Mention the words stock markets and investing and many people tune out because they are intimidated by the very talk on finance. However, this is not the right response.

You cannot create wealth on your salary income alone.

This is because investing is the activity of putting your money into securities or assets using an investment framework, backed up with adequate risk management, supported by insight and research into the prospects of the company or the different assets you want to invest in.

Investing requires an investment philosophy — a set of guiding principles that provide you with direction and discipline, irrespective of whether the markets are racing high (bull phase) or are falling towards rock bottom (bear phase).

Newcomers to investing often make the mistake of behaving in a rash manner, throwing their money blindly into things they don’t understand.

This isn’t investing, its speculation which is more like gambling where you are relying on chance and luck.

Investing on the other hand cannot be left to chance.
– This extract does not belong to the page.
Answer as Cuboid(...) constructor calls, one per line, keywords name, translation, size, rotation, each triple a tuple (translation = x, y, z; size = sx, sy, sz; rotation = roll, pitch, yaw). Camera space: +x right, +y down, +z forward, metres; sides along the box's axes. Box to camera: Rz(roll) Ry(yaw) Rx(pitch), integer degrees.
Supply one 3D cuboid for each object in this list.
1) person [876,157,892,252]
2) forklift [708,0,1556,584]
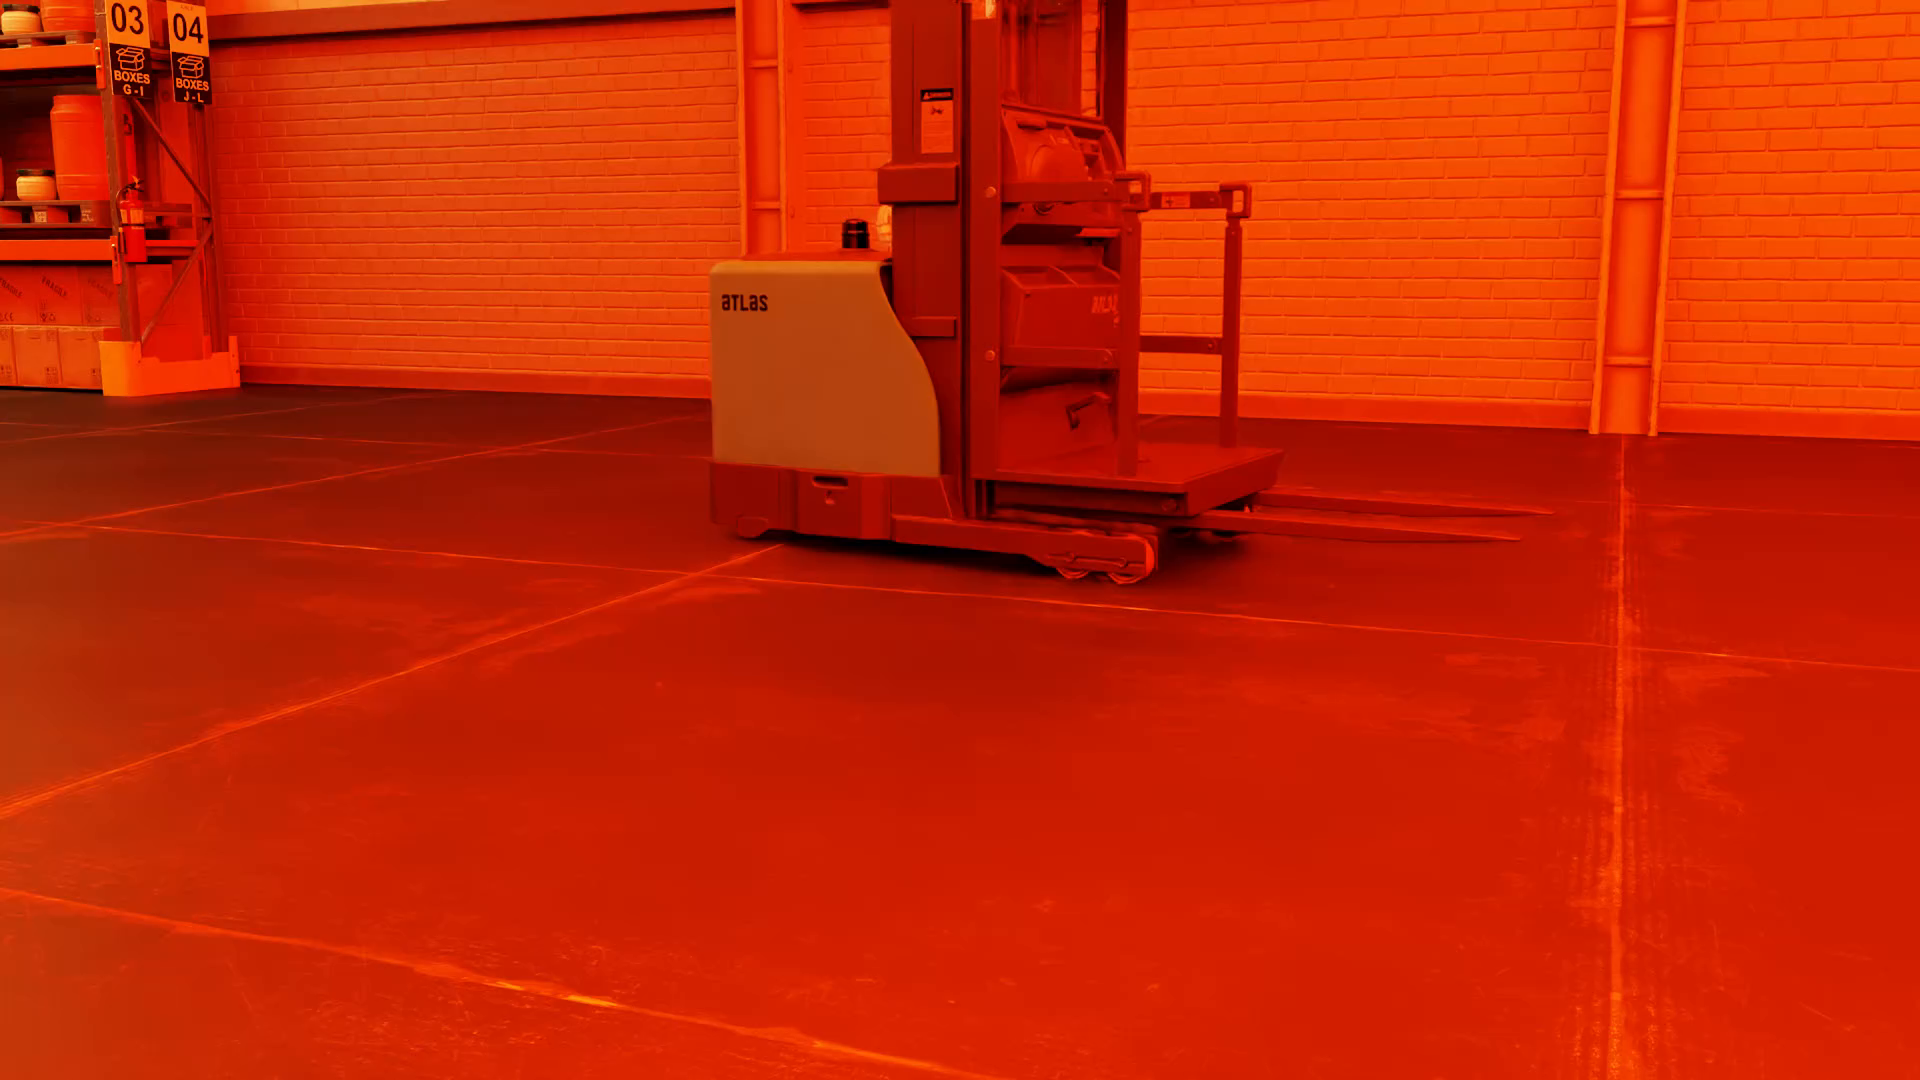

It requires patience, especially for your investment thesis to mature, something speculators have little time or interest in.

Three reasons to invest. Long-term accumulation of wealth: Investing has proven to be the best way for the long-term accumulation of wealth.

Sure, there are risks associated with it.

But, if one takes only risks that are suitable to one’s stage in life and investment horizon, then investing provides a great way to take advantage of the compounding of capital over a long period of time.

Reasons to invest

Take advantage of compounding of capital: Compounding is the ability to earn a return in the current year on not only your principal amount, but also on the returns earned in the previous year.

Compounding is the process through which your money multiplies, and you can earn returns that can go towards meeting your various financial goals in life such as educating your children, or paying for their marriage, or buying a new house, or paying for your parents’ health care costs and so on.

Offset the damage from inflation: Additionally, it is only through investing that you can offset the damage that inflation wreaks on your personal finances.